Exercise goal:
Transcribe the lines below exactly. No image belongs in the transcription.

(Beginning of Record excerpts)

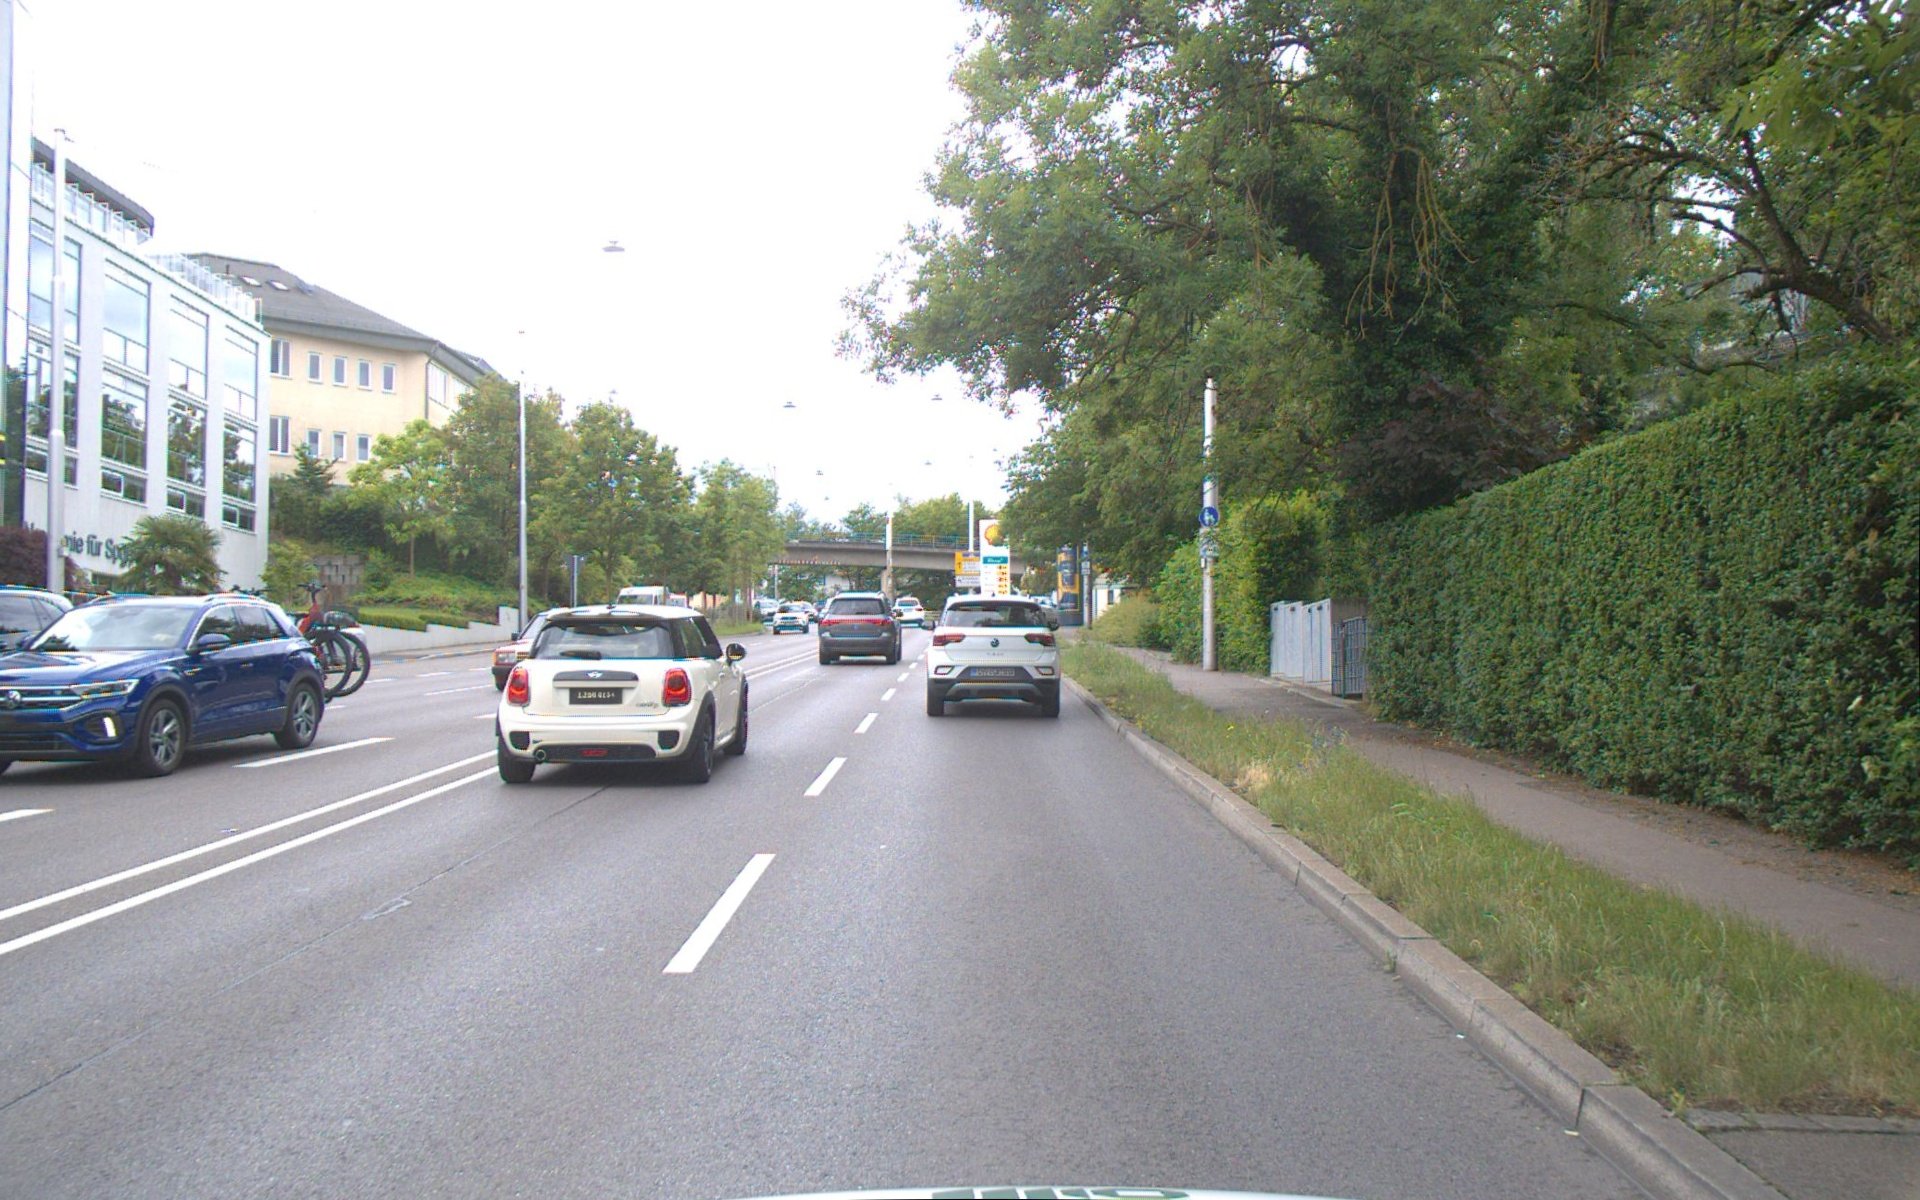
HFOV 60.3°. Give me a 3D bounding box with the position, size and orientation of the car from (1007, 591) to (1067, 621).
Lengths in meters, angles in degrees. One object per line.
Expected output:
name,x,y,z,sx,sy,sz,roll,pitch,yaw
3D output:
car,4.127,0.312,87.925,1.821,1.527,4.053,0,0,25

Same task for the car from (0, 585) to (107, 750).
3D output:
car,-10.534,0.679,16.502,1.734,1.662,4.144,0,0,3

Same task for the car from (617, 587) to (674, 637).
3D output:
car,-15.472,0.578,81.689,2.027,2.346,5.462,0,0,-3

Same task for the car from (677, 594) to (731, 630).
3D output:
car,-11.967,0.553,77.479,2.027,1.608,4.690,0,0,-3

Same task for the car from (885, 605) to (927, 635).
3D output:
car,-3.095,1.116,94.073,1.824,1.681,4.626,0,0,-9

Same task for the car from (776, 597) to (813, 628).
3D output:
car,-8.728,0.641,87.068,1.860,1.569,4.685,0,0,-7

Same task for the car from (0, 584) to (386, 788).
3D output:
car,-7.431,0.693,15.878,1.733,1.624,5.186,0,0,4

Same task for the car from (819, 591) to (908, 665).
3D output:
car,-2.276,0.638,39.923,1.775,1.681,4.637,0,0,1

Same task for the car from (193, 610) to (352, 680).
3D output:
car,-15.158,0.959,36.724,1.734,1.432,4.143,0,0,1

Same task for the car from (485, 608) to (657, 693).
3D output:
car,-6.828,0.842,29.542,1.704,1.376,4.847,0,0,3

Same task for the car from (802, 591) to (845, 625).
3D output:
car,-6.392,0.375,77.792,1.858,1.569,4.690,0,0,-3

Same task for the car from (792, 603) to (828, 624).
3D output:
car,-11.410,1.006,125.659,1.865,1.569,4.672,0,0,-16

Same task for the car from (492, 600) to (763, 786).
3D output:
car,-2.770,0.719,14.516,1.594,1.418,3.566,0,0,1

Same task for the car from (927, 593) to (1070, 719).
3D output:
car,0.455,0.698,22.594,1.775,1.566,3.689,0,0,-1

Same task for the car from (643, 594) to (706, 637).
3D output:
car,-11.749,0.630,68.360,2.027,1.685,4.690,0,0,-3

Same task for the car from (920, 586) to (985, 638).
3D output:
car,-0.292,0.417,54.623,1.836,1.527,4.551,3,-1,-3
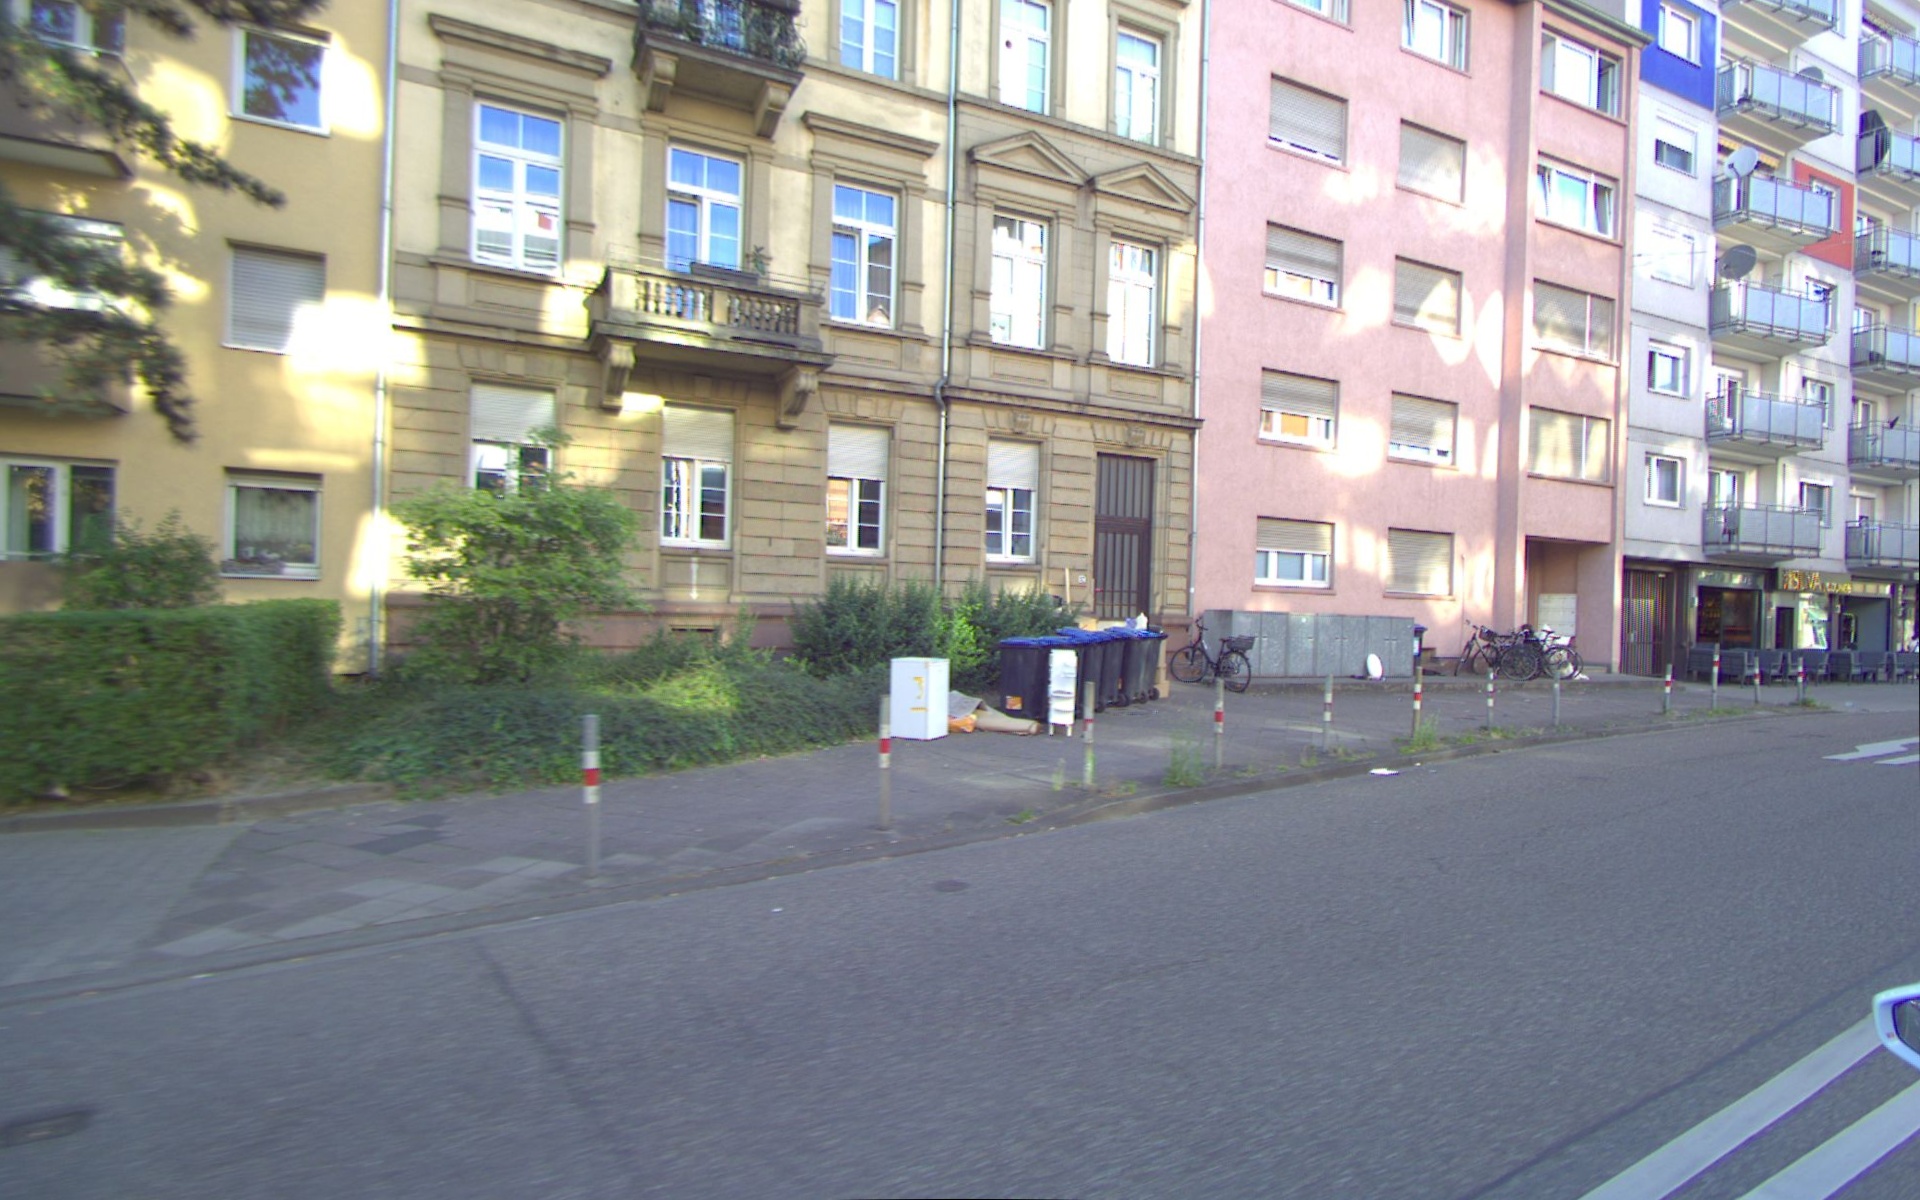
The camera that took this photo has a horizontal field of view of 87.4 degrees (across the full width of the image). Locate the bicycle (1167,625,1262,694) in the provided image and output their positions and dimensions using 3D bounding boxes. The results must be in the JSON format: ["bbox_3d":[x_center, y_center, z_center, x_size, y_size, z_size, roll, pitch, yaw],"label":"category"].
[{"bbox_3d":[4.505,1.041,17.913,0.654,0.980,1.642,2,5,-27],"label":"bicycle"}]

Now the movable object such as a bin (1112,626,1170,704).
[{"bbox_3d":[2.776,0.980,15.402,0.631,1.125,0.582,4,1,34],"label":"movable object such as a bin"}]

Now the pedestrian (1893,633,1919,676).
[{"bbox_3d":[31.499,1.812,33.377,0.472,1.402,0.484,2,0,-5],"label":"pedestrian"}]

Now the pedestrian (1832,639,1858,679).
[{"bbox_3d":[27.627,1.844,31.356,0.514,1.219,0.551,1,0,33],"label":"pedestrian"}]

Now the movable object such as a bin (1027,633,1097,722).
[{"bbox_3d":[1.343,0.999,13.199,0.631,1.082,0.625,4,1,34],"label":"movable object such as a bin"}]

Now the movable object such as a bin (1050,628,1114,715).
[{"bbox_3d":[1.681,0.966,13.845,0.631,1.125,0.582,4,1,34],"label":"movable object such as a bin"}]

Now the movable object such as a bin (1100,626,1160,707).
[{"bbox_3d":[2.515,0.967,14.852,0.631,1.125,0.582,4,1,34],"label":"movable object such as a bin"}]

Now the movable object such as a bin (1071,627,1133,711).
[{"bbox_3d":[2.042,0.967,14.384,0.631,1.125,0.582,4,1,34],"label":"movable object such as a bin"}]

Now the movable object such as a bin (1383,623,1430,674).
[{"bbox_3d":[9.443,1.026,21.251,0.581,1.045,0.672,2,0,-26],"label":"movable object such as a bin"}]

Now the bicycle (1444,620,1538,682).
[{"bbox_3d":[11.231,1.055,21.264,1.649,1.175,0.494,3,1,39],"label":"bicycle"}]

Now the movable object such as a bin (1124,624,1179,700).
[{"bbox_3d":[3.051,0.975,16.009,0.631,1.125,0.582,4,1,34],"label":"movable object such as a bin"}]

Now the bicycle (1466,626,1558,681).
[{"bbox_3d":[11.899,1.132,21.707,0.543,1.054,1.660,2,1,-32],"label":"bicycle"}]

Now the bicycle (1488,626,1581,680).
[{"bbox_3d":[12.616,1.139,22.106,0.545,1.054,1.655,2,1,-40],"label":"bicycle"}]
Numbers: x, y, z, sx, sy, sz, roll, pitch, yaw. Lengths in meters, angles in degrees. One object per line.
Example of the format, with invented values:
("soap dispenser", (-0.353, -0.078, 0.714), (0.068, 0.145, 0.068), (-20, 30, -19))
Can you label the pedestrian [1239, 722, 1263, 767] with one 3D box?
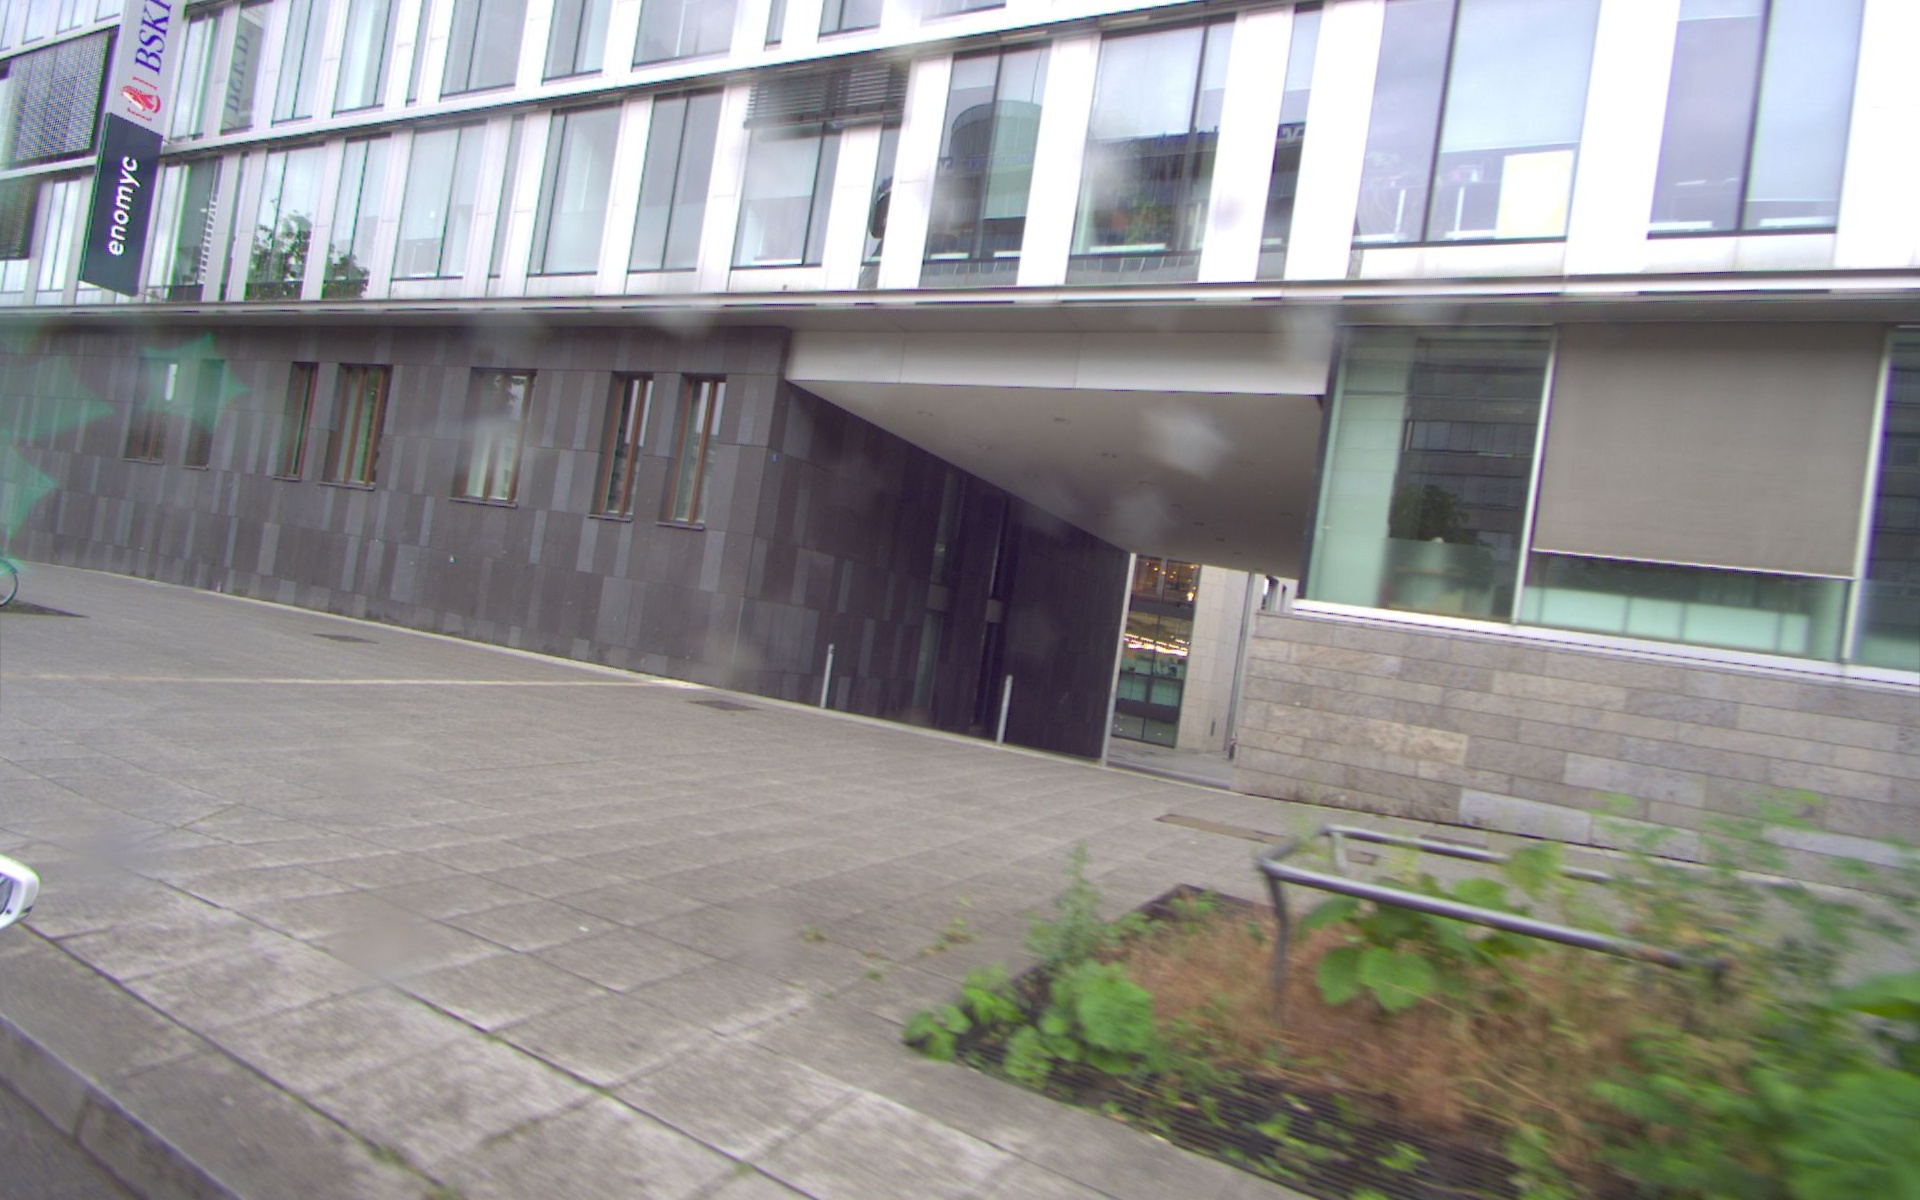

(End of Record excerpts)

Result:
HFOV 60.3°. Give me a 3D bounding box with the position, size and orientation of the car from (1007, 591) to (1067, 621).
Lengths in meters, angles in degrees. One object per line.
Expected output:
name,x,y,z,sx,sy,sz,roll,pitch,yaw
3D output:
car,4.127,0.312,87.925,1.821,1.527,4.053,0,0,25

Same task for the car from (0, 585) to (107, 750).
3D output:
car,-10.534,0.679,16.502,1.734,1.662,4.144,0,0,3

Same task for the car from (617, 587) to (674, 637).
3D output:
car,-15.472,0.578,81.689,2.027,2.346,5.462,0,0,-3

Same task for the car from (677, 594) to (731, 630).
3D output:
car,-11.967,0.553,77.479,2.027,1.608,4.690,0,0,-3

Same task for the car from (885, 605) to (927, 635).
3D output:
car,-3.095,1.116,94.073,1.824,1.681,4.626,0,0,-9

Same task for the car from (776, 597) to (813, 628).
3D output:
car,-8.728,0.641,87.068,1.860,1.569,4.685,0,0,-7

Same task for the car from (0, 584) to (386, 788).
3D output:
car,-7.431,0.693,15.878,1.733,1.624,5.186,0,0,4

Same task for the car from (819, 591) to (908, 665).
3D output:
car,-2.276,0.638,39.923,1.775,1.681,4.637,0,0,1

Same task for the car from (193, 610) to (352, 680).
3D output:
car,-15.158,0.959,36.724,1.734,1.432,4.143,0,0,1

Same task for the car from (485, 608) to (657, 693).
3D output:
car,-6.828,0.842,29.542,1.704,1.376,4.847,0,0,3

Same task for the car from (802, 591) to (845, 625).
3D output:
car,-6.392,0.375,77.792,1.858,1.569,4.690,0,0,-3

Same task for the car from (792, 603) to (828, 624).
3D output:
car,-11.410,1.006,125.659,1.865,1.569,4.672,0,0,-16

Same task for the car from (492, 600) to (763, 786).
3D output:
car,-2.770,0.719,14.516,1.594,1.418,3.566,0,0,1

Same task for the car from (927, 593) to (1070, 719).
3D output:
car,0.455,0.698,22.594,1.775,1.566,3.689,0,0,-1

Same task for the car from (643, 594) to (706, 637).
3D output:
car,-11.749,0.630,68.360,2.027,1.685,4.690,0,0,-3

Same task for the car from (920, 586) to (985, 638).
3D output:
car,-0.292,0.417,54.623,1.836,1.527,4.551,3,-1,-3
The camera that took this photo has a horizontal field of view of 87.4 degrees (across the full width of the image). Locate the bicycle (1167,625,1262,694) in the provided image and output their positions and dimensions using 3D bounding boxes. The results must be in the JSON format: ["bbox_3d":[x_center, y_center, z_center, x_size, y_size, z_size, roll, pitch, yaw],"label":"category"].
[{"bbox_3d":[4.505,1.041,17.913,0.654,0.980,1.642,2,5,-27],"label":"bicycle"}]

Now the movable object such as a bin (1112,626,1170,704).
[{"bbox_3d":[2.776,0.980,15.402,0.631,1.125,0.582,4,1,34],"label":"movable object such as a bin"}]

Now the pedestrian (1893,633,1919,676).
[{"bbox_3d":[31.499,1.812,33.377,0.472,1.402,0.484,2,0,-5],"label":"pedestrian"}]

Now the pedestrian (1832,639,1858,679).
[{"bbox_3d":[27.627,1.844,31.356,0.514,1.219,0.551,1,0,33],"label":"pedestrian"}]

Now the movable object such as a bin (1027,633,1097,722).
[{"bbox_3d":[1.343,0.999,13.199,0.631,1.082,0.625,4,1,34],"label":"movable object such as a bin"}]

Now the movable object such as a bin (1050,628,1114,715).
[{"bbox_3d":[1.681,0.966,13.845,0.631,1.125,0.582,4,1,34],"label":"movable object such as a bin"}]

Now the movable object such as a bin (1100,626,1160,707).
[{"bbox_3d":[2.515,0.967,14.852,0.631,1.125,0.582,4,1,34],"label":"movable object such as a bin"}]

Now the movable object such as a bin (1071,627,1133,711).
[{"bbox_3d":[2.042,0.967,14.384,0.631,1.125,0.582,4,1,34],"label":"movable object such as a bin"}]

Now the movable object such as a bin (1383,623,1430,674).
[{"bbox_3d":[9.443,1.026,21.251,0.581,1.045,0.672,2,0,-26],"label":"movable object such as a bin"}]

Now the bicycle (1444,620,1538,682).
[{"bbox_3d":[11.231,1.055,21.264,1.649,1.175,0.494,3,1,39],"label":"bicycle"}]

Now the movable object such as a bin (1124,624,1179,700).
[{"bbox_3d":[3.051,0.975,16.009,0.631,1.125,0.582,4,1,34],"label":"movable object such as a bin"}]

Now the bicycle (1466,626,1558,681).
[{"bbox_3d":[11.899,1.132,21.707,0.543,1.054,1.660,2,1,-32],"label":"bicycle"}]

Now the bicycle (1488,626,1581,680).
[{"bbox_3d":[12.616,1.139,22.106,0.545,1.054,1.655,2,1,-40],"label":"bicycle"}]
Numbers: x, y, z, sx, sy, sz, roll, pitch, yaw. Lengths in meters, angles in degrees. One object per line.
Example of the format, with invented values:
("soap dispenser", (-0.353, -0.078, 0.714), (0.068, 0.145, 0.068), (-20, 30, -19))
Can you label the pedestrian [1239, 722, 1263, 767] with one 3D box?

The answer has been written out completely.